# Work item:
What you return must match the records exactly, except that the pictures are gone.

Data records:
-------------------------

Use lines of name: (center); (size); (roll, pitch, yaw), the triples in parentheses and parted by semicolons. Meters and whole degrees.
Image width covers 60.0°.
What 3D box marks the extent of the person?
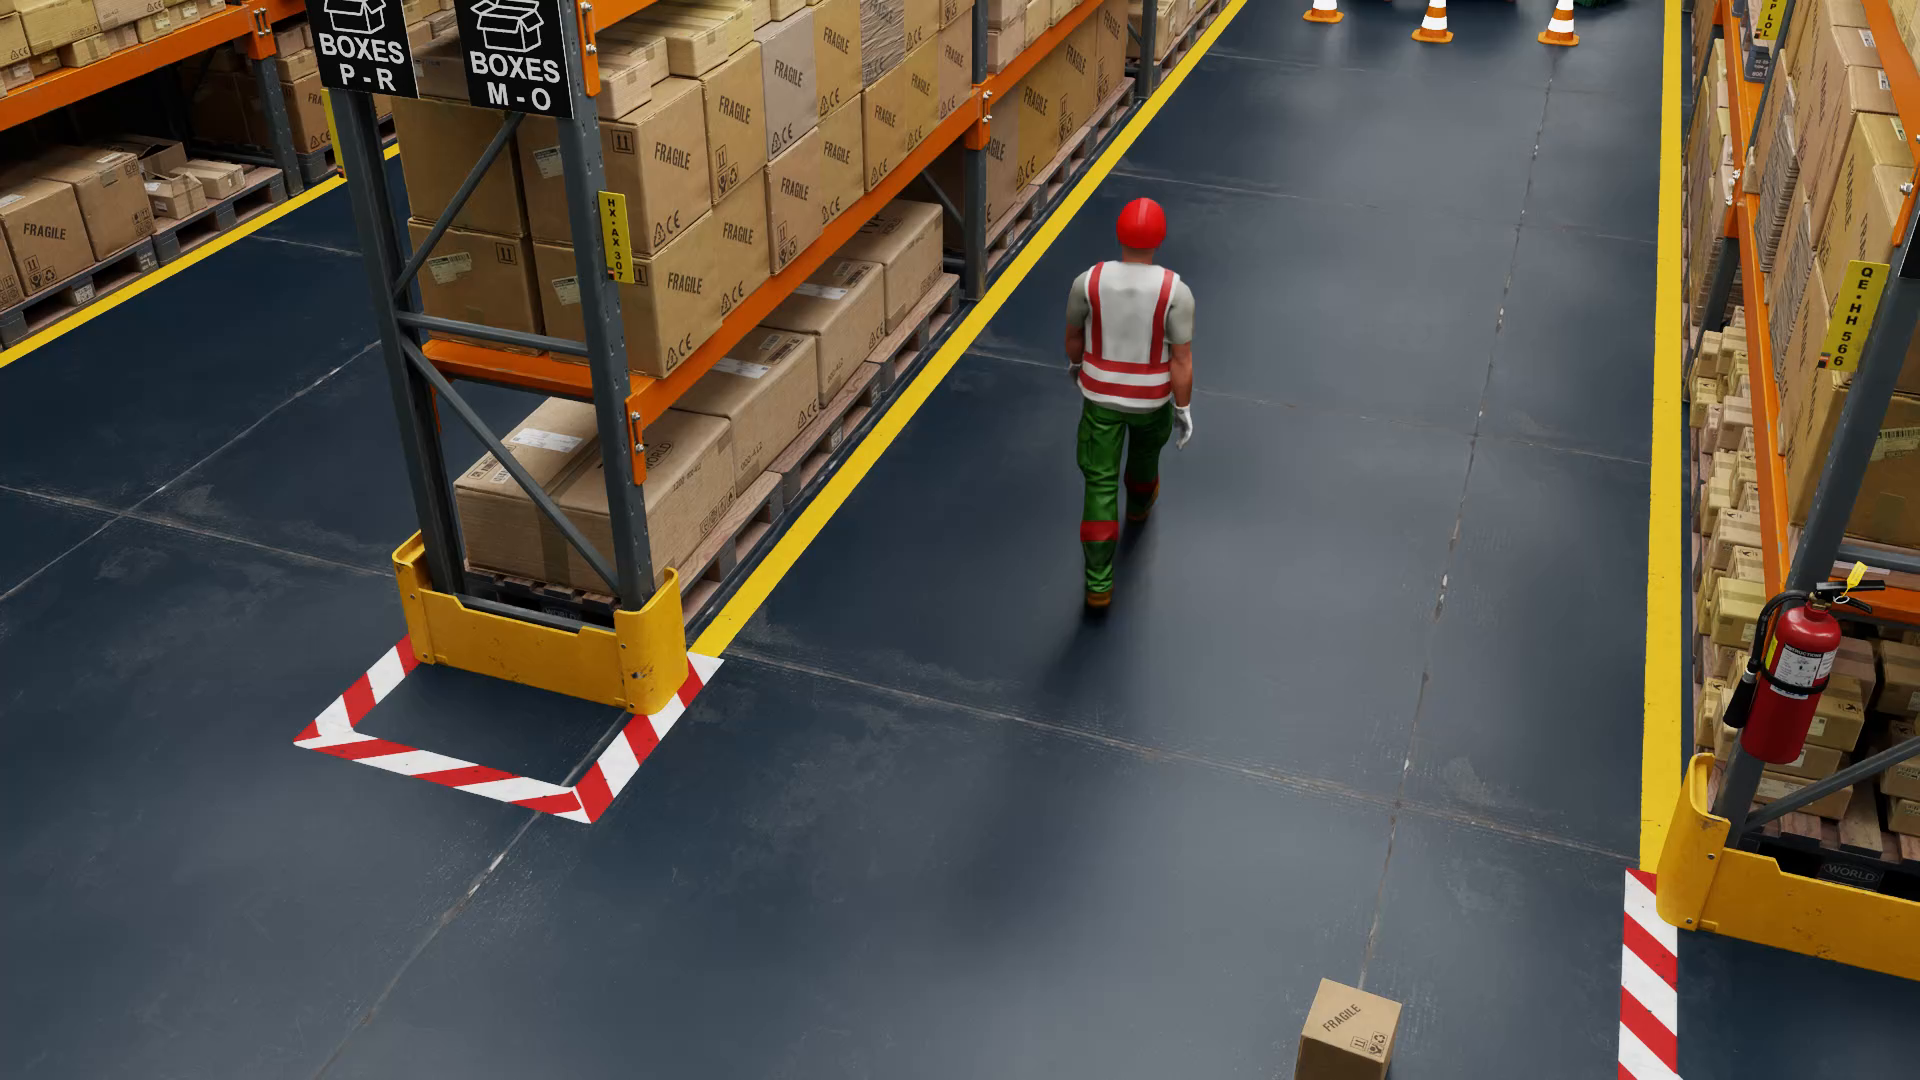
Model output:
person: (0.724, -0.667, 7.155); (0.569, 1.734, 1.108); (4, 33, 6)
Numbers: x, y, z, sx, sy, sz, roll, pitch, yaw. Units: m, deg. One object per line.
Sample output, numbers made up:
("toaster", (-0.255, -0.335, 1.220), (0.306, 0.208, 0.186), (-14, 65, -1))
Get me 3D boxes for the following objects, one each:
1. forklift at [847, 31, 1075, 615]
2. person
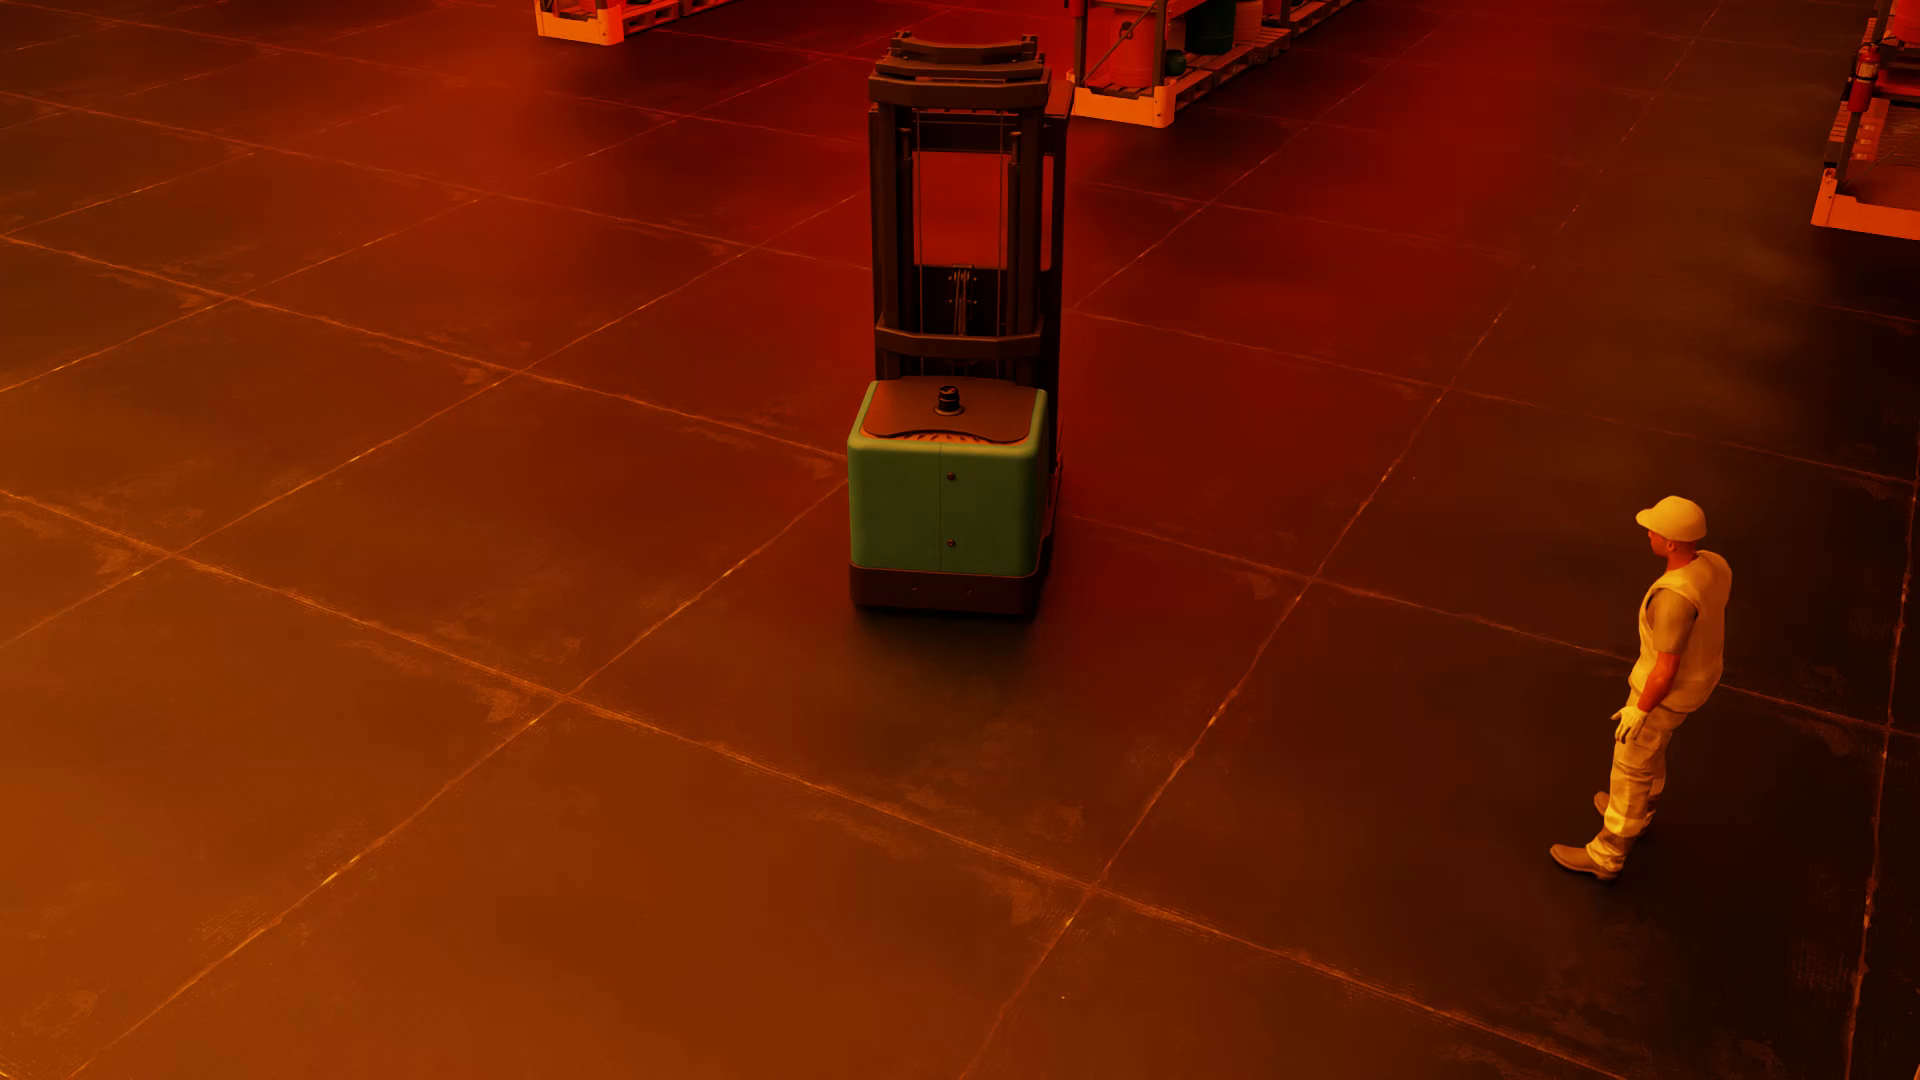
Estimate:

-------------------------

# Response to the exercise:
Use lines of name: (center); (size); (roll, pitch, yaw), the triples in parentheses and parted by semicolons. Meters and whole degrees.
Image width covers 60.0°.
What 3D box marks the extent of the person?
Model output:
person: (0.724, -0.667, 7.155); (0.569, 1.734, 1.108); (4, 33, 6)
Numbers: x, y, z, sx, sy, sz, roll, pitch, yaw. Units: m, deg. One object per line.
Sample output, numbers made up:
("toaster", (-0.255, -0.335, 1.220), (0.306, 0.208, 0.186), (-14, 65, -1))
Get me 3D boxes for the following objects, one each:
1. forklift at [847, 31, 1075, 615]
2. person
Estimate:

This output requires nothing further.